In OOP, you model a problem domain by identifying the important Nouns and turning them into classes. For a version control system, you'd have Commits, sure, and maybe you get Trees, too. But you'd also have Diffs, because diffs are a Very Important Thing, and it's practically inconceivable that an important thing would not be modeled as an object.
And what do you do with important objects? You build them with Factories, you persist them in databases via an ORM, or maybe you serialize them as XML and store them on disk. You could have the insight that Diffs are cheaply computed given Blobs and Trees, so they need not be first-class citizens in your data model; it's just so improbable that this would occur to you if you're thinking in terms of objects and methods.
This quote from Linus Torvalds now makes more sense to me:
In fact, I'm a huge proponent of designing your code around the data, rather than the other way around, and I think it's one of the reasons git has been fairly successful (*). ... (*) I will, in fact, claim that the difference between a bad programmer and a good one is whether he considers his code or his data structures more important.

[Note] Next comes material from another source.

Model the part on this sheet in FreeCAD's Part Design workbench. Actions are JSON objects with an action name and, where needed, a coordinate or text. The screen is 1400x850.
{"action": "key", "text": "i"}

Bad programmers worry about the code. Good programmers worry about data structures and their relationships.
– Linus Torvalds 4
I generally avoid engaging in hero-worship, and I'm especially wary of making a hero of anyone who casually divides the world into "bad programmers" and "good programmers." But I do have a renewed sense of respect for both the design and the designer of git.